Vielleicht zwei kurze Antworten/Reaktionen/Gedanken vorweg:

Ich finde es immer schade, wenn sich User hier herablassend zu diversen Problemen anderer äußern. Hat es hier mitunter auch wieder gegeben (@Dudo) - frei interpretiert nach dem Motto "warum heulst du hier rum" oder "ich habe seinen anderen Thread gelesen und da war bei mir Ende" etc.
Wenn ich es richtig verstehe, dann dient diese Seite dazu, Menschen in Not Unterstützung zu geben bzw. mit Rat und Erfahrung zur Seite zu stehen.
Die Not des Einzelnen ist ggf. nicht immer direkt nachvollziehbar - manche Themen wiederholen sich - auch, weil einige ihre Situation durch Schreiben verarbeiten. Und wo würde es sich besser machen, als in diesem Forum?
Es nimmt den Menschen den Mut und die Motivation hier überhaupt noch zu posten, wenn ihre Probleme und Sorgen kleingeredet, belächelt oder mit einem virtuellen Augenrollen kommentiert werden. Wünschen würde ich mir einen sachlichen und konstruktiven Austausch (und wen gewisse Themen nerven, der hält sich einfach zurück und widmet sich einem anderen Thema).

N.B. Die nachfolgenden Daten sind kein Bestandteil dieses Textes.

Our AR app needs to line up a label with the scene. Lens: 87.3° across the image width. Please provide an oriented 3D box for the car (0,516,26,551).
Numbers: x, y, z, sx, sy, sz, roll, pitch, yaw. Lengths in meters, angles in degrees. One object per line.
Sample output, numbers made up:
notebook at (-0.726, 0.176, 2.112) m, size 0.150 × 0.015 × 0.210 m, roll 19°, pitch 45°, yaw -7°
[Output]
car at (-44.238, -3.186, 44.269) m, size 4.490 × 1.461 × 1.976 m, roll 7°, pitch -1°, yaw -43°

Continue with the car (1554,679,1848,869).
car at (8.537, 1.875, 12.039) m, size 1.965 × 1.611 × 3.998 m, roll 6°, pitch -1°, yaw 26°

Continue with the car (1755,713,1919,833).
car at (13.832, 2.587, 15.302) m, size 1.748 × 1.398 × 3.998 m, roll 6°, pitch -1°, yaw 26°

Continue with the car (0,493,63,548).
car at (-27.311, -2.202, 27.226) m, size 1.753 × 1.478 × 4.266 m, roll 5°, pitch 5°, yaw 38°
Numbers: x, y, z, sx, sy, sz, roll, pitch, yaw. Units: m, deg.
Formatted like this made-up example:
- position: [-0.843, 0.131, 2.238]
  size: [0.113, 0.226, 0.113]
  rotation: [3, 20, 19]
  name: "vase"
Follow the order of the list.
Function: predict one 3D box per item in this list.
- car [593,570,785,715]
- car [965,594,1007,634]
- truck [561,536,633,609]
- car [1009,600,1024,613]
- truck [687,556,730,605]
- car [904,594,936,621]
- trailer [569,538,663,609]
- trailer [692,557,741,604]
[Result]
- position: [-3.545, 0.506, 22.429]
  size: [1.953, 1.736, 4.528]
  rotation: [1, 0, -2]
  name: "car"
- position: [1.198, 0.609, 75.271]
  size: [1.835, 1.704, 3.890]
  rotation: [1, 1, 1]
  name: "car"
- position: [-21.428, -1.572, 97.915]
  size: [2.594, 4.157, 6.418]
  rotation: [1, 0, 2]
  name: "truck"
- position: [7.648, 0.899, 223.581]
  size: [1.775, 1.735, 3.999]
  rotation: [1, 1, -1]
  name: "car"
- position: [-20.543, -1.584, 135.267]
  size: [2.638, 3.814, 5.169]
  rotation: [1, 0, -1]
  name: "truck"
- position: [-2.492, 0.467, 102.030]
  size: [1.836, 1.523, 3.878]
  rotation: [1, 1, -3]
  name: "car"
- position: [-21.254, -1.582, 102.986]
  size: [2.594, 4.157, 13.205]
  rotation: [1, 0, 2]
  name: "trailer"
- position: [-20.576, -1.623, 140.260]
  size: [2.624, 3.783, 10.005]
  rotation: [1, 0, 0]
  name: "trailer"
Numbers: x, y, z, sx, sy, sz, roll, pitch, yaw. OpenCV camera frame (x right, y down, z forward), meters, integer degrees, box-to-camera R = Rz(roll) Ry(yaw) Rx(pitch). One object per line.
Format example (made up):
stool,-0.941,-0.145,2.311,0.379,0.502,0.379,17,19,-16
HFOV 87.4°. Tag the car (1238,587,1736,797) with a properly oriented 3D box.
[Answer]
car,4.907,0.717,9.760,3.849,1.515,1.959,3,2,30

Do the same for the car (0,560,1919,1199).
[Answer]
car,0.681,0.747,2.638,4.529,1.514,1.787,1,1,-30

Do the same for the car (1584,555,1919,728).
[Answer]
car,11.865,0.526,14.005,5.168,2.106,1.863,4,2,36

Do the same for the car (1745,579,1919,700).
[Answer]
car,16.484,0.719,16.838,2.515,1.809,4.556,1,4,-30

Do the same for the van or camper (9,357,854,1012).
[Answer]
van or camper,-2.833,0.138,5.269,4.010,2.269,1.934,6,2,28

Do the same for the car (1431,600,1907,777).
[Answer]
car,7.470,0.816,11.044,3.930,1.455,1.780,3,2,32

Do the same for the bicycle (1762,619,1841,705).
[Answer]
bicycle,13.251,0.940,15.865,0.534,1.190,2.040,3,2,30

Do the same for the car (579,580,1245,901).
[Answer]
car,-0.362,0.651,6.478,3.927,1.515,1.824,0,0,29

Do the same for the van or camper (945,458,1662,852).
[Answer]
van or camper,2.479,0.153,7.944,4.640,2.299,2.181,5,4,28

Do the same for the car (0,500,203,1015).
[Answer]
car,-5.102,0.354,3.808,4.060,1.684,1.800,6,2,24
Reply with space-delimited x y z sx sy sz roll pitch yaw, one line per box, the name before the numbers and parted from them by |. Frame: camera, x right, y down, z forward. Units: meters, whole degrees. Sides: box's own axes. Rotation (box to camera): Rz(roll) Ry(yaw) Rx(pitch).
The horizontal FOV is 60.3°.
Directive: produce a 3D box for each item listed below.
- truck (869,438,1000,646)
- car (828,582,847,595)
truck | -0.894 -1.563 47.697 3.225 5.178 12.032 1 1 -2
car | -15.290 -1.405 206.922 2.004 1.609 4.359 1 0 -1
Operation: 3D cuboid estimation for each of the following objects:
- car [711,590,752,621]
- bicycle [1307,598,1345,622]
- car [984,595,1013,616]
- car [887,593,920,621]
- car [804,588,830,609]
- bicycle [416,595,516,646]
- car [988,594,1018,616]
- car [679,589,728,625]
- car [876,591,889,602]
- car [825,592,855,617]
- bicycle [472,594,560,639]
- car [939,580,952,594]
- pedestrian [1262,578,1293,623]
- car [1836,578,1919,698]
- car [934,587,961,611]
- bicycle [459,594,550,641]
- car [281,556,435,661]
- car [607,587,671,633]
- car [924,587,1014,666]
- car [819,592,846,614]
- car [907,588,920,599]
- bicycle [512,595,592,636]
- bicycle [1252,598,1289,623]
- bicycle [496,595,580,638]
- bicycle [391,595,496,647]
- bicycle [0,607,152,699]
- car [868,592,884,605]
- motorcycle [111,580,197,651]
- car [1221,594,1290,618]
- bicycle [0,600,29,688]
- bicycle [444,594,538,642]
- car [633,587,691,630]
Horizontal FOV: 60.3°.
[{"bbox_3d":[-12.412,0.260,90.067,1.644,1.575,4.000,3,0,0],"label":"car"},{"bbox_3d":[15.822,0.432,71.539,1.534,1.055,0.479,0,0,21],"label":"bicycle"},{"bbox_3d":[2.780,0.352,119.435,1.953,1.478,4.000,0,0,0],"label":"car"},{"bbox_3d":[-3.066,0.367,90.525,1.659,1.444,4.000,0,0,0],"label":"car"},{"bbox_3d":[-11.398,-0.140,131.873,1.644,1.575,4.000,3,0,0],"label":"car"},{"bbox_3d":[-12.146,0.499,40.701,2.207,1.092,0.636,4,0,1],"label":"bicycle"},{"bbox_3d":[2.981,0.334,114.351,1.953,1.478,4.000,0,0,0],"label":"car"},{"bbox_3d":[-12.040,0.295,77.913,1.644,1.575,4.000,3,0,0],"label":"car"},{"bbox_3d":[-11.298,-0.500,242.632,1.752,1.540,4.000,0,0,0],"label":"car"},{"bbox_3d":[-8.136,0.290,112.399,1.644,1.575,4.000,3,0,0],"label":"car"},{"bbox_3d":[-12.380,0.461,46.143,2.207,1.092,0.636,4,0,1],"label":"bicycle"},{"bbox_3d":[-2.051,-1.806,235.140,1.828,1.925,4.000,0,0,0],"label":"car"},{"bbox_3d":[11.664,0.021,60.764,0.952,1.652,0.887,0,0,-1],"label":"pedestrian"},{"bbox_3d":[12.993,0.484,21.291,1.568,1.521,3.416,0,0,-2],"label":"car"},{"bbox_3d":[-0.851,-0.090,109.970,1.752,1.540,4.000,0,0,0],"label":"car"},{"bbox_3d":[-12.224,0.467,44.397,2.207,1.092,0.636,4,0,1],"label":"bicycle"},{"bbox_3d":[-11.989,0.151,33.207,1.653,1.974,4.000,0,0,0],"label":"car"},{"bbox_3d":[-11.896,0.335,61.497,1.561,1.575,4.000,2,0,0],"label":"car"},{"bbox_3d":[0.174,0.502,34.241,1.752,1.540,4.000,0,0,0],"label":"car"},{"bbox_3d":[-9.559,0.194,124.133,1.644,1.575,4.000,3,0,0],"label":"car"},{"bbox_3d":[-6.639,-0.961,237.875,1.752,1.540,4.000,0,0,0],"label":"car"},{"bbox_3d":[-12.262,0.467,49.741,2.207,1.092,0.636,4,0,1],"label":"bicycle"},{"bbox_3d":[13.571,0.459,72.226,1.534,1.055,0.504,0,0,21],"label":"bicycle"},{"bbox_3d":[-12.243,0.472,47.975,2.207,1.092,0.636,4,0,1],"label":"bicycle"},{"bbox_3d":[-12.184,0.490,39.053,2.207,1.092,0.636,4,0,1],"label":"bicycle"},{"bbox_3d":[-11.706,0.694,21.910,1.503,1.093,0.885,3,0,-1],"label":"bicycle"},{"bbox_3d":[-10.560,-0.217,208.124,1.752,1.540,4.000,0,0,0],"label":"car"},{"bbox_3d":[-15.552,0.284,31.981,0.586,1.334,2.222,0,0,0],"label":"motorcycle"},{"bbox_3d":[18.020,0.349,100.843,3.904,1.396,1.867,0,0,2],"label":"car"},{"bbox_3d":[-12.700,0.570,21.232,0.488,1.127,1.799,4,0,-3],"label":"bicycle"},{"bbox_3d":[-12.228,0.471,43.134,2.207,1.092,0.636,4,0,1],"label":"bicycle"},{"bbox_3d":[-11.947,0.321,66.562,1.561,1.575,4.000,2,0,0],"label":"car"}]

Ja, ich habe einen weiteren Thread offen - dort geht es um mein persönliches Problem der letzten Monate. In dieser Phase habe ich sehr viel über mich selbst gelernt und nachgedacht. Über meine Trigger, meine Wunden, die ich offenbar noch immer mit mir herumschleppe...und über das ständige Grübeln, das mir den Schlaf und die Energie geraubt hat. Auch mit meiner Lebenserfahrung habe ich offensichtlich noch immer Baustellen, an denen ich intensiv arbeiten muss. Ansonsten rutsche ich auch zukünftig immer wieder in diese Phasen emotionaler Instabilität und der Depression.
Das Thema "Overthinking" (wie es heute so schön genannt wird) war dabei für mich ein ganz besonderes. Ich habe viel darüber gelesen und festgestellt, dass es da draußen unglaublich viele Menschen mit dem exakt gleichen "Problem" bzw. identischen Verhaltensmustern gibt.
Daher dieser neue Thread, um sich über die unterschiedlichen Ausprägungen auszutauschen und ggf. sogar Vorschläge von Usern zu erhalten, die aus dieser Spirale herausgekommen sind. Dabei geht es nicht einmal um mich selbst sondern um das Thema generell.

Daher führt für mich eins zum anderen:
Probleme in der Partnerschaft - ein plötzliches auf Distanz gehen der Partnerin (scheinbar ohne Grund) und das damit verbundene Dauergrübeln über die Ursache. Für mich eine sehr schwere Zeit, in der ich kaum für andere Dinge - geschweige meinen Job - zu gebrauchen war. Und ich weiß, dass es auch anderen Nutzern und Nutzerinnen hier im Forum so gehen wird.

x 2 #48


T
Zitat von Mindtricks:
Ich finde es immer schade, wenn sich User hier herablassend zu diversen Problemen anderer äußern.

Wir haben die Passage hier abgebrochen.